Ok, so we know how Google’s URL removal tool works on 404 error pages and dead links. But what about on 302 redirects to your site from a scammer site?

Here is the beauty of it folks. You submit the 302 URL string that appears on the scammer's web site which is linking to your site, to have it removed from the Google index so that Google no longer sees a 302 pointing to your home page. And Google will no longer penalize you for what looks like black hat SEO clocking techniques. It's like God "remembering your sins no longer" after you repent!

Here is an example of the form it can take, this is one I found this week:

http://www.example.com/cgi-bin/jump.cgi?ID=6051

So all those phony directory sites that appear to be linking to your site, do a view source on them, grab the URL that links to your site, and use a good header checking tool to verify if it is a 302 redirect.

BUT. Wait! The link is on the scammer's site, not your site, how can we get his link removed from Google? We have no control over his site, and we cannot FTP a NOINDEX meta tag on his site!

Follow along young grasshopper!

When you submit his 302 redirect string to the Google removal tool, Google spiders his page, sees the redirect and lands on your page instead! Thus, Google is expecting to see a NOINDEX command. So, make sure this meta tag is placed on your home page, seconds before you submit the URL to the tool for immediate scanning:

<META NAME="GOOGLEBOT" CONTENT="NOINDEX, NOFOLLOW">

This tells Google, please do not index my URL. Only in this case, “MYURL” is the scammer’s 302 redirect string that you entered into the tool, not your home page.

Then you submit the scammers 302 string URL, then Google goes to crawl the scammer’s string, looking for that NOINDEX command. Google then sees the 302 and says “oh, ok, I’m supposed to be over here” and lands on your page,. So Google then bounces over to your page where it sees the NOINDEX meta tag that you just placed, and is thus satisfied that it should remove the URL you submitted from the index..

Then Google queues up the scammer's link for removal. Once submitted, immediately remove this NOINDEX meta tag back off your page, to continue to allow Google to index your site. Remember you only added that meta tag there to trick Google into removing the other guy’s 302 redirect.

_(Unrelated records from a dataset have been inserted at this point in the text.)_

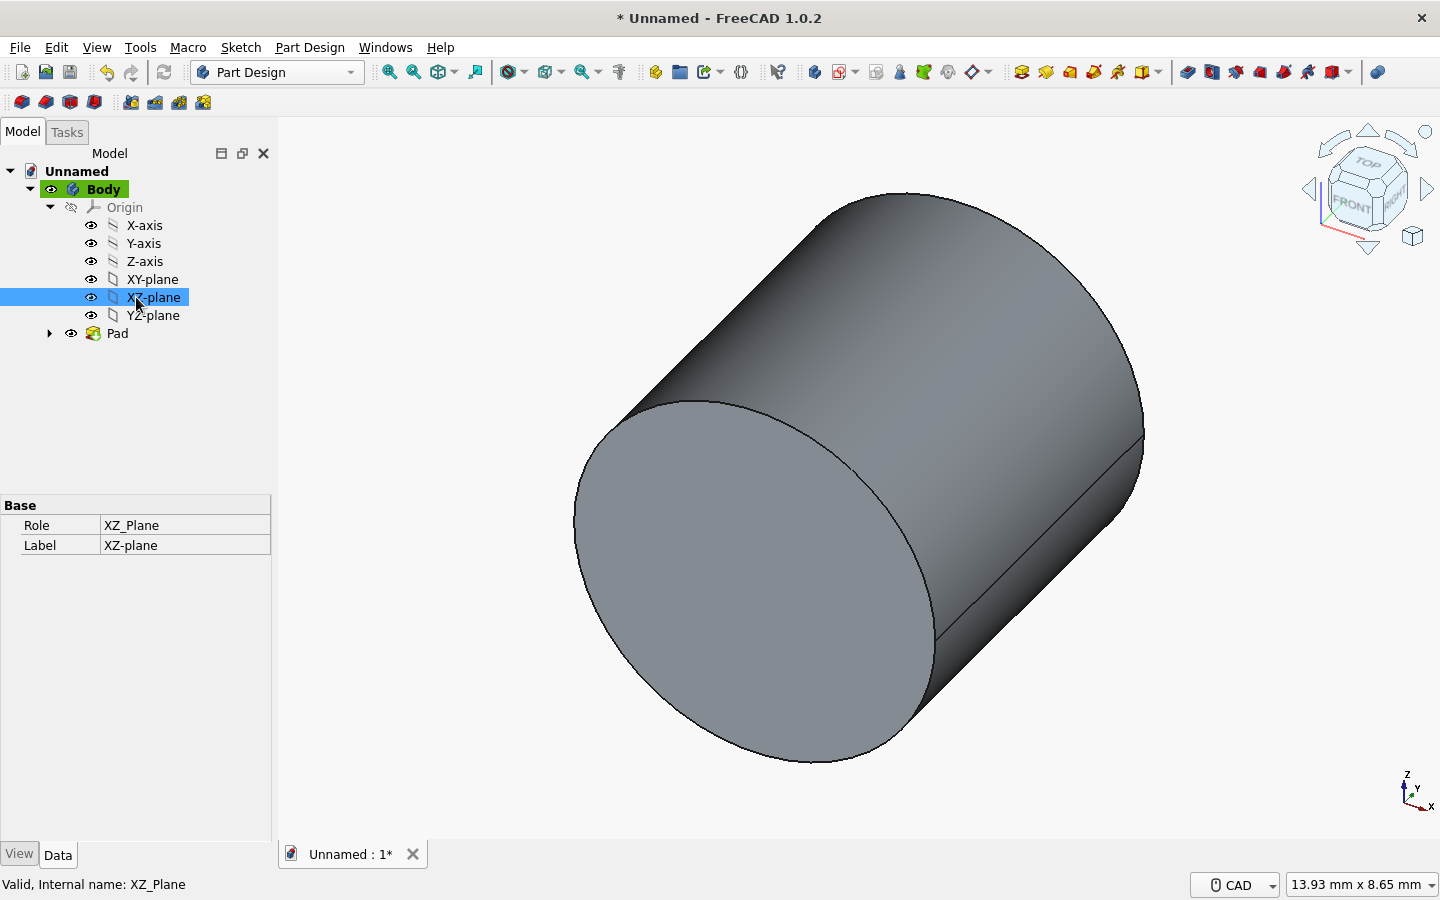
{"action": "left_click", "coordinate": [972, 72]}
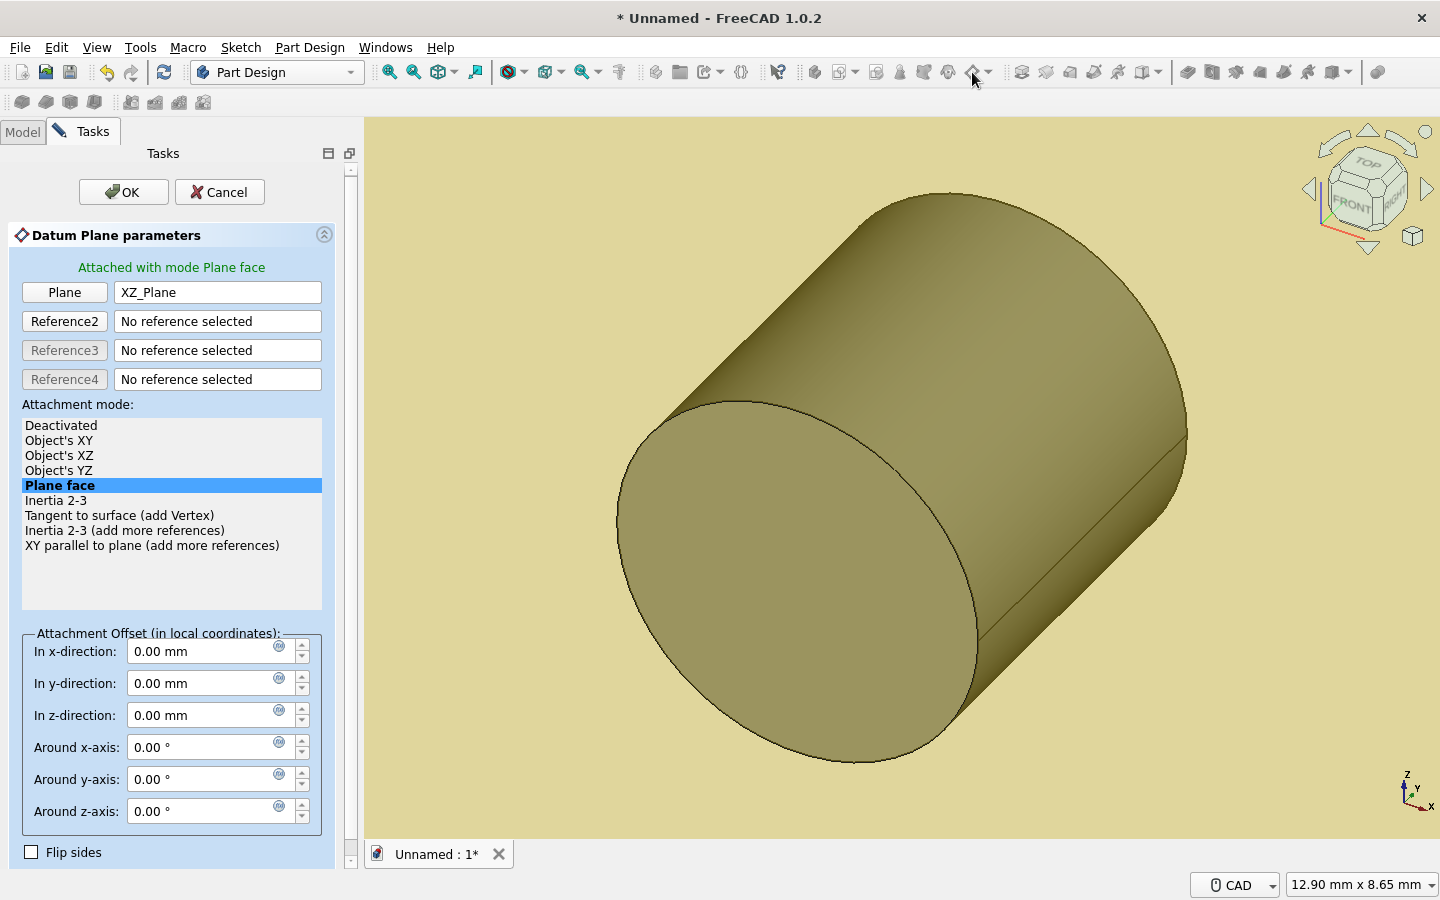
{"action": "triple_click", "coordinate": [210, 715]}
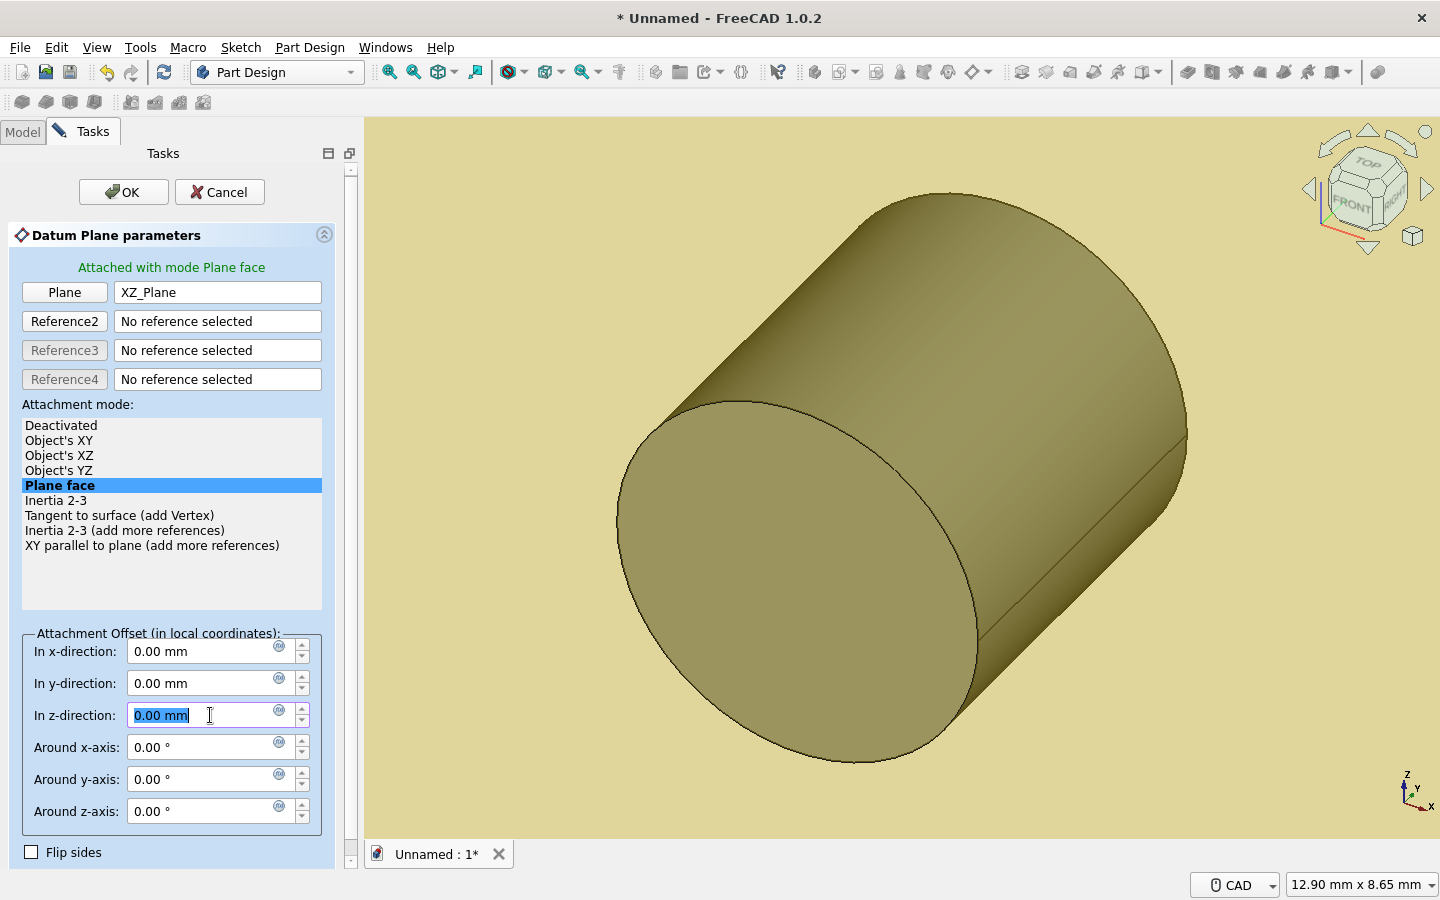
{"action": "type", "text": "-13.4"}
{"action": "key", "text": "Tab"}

You see we tricked Google into thinking the 302 redirect URL was on our page, even though it's on the scammers page. Actually the scammer shot himself in the foot, I did not really trick Google. It’s a by product of how Google operates.

This is safe if used as directed. Don’t forget to remove the NOINDEX meta tag off your site AS SOON AS YOU SUBMIT THE URL. Other wise the next time Google comes to your site for a normal crawl, it will see the NOINDEX, and remove you from the index for 6 months.

Sorry for the length, but this is a lot of careful info to parse out.

trillianjedi

2:50 pm on Jul 5, 2006 (gmt 0)

WebmasterWorld Senior Member 10+ Year Member



Very interesting although I have to point out the boiler-plate warning here:-

Don't try this unless you know what you're doing and you don't mind risking 6 months out of the index just in case it goes wrong.

TJ

Iguana

3:09 pm on Jul 5, 2006 (gmt 0)

WebmasterWorld Senior Member 10+ Year Member



I used this same method when there was all the fuss about 302 hijacks. It didn't work for all for them though (I think some 'hijacks' redirected to a meta refresh page and then to my page)

JeffOstroff

3:14 pm on Jul 5, 2006 (gmt 0)

10+ Year Member



That's why you need to use a good header checker tool to see what URL the re-direct is going to.

At first we found the Google URL removal tool was rejecting some of the 302 URLs because it said it could not find a metatag NOINDEX command, even though we knew we placed the metatag on our home. Problem was, we had it on the wrong page! It does not always go on the home page, it might need to be placed on other pages on your site.

Most of the time the 302 redirects will point to your home page. But we have also found them attacking sub pages on our site too, different chapters of our web site. So you have to put the metatag on the correct target page of the 302.

For example you might find a 302 redirect pointing to www.example.com, so you put the meta tag on the index page and submit.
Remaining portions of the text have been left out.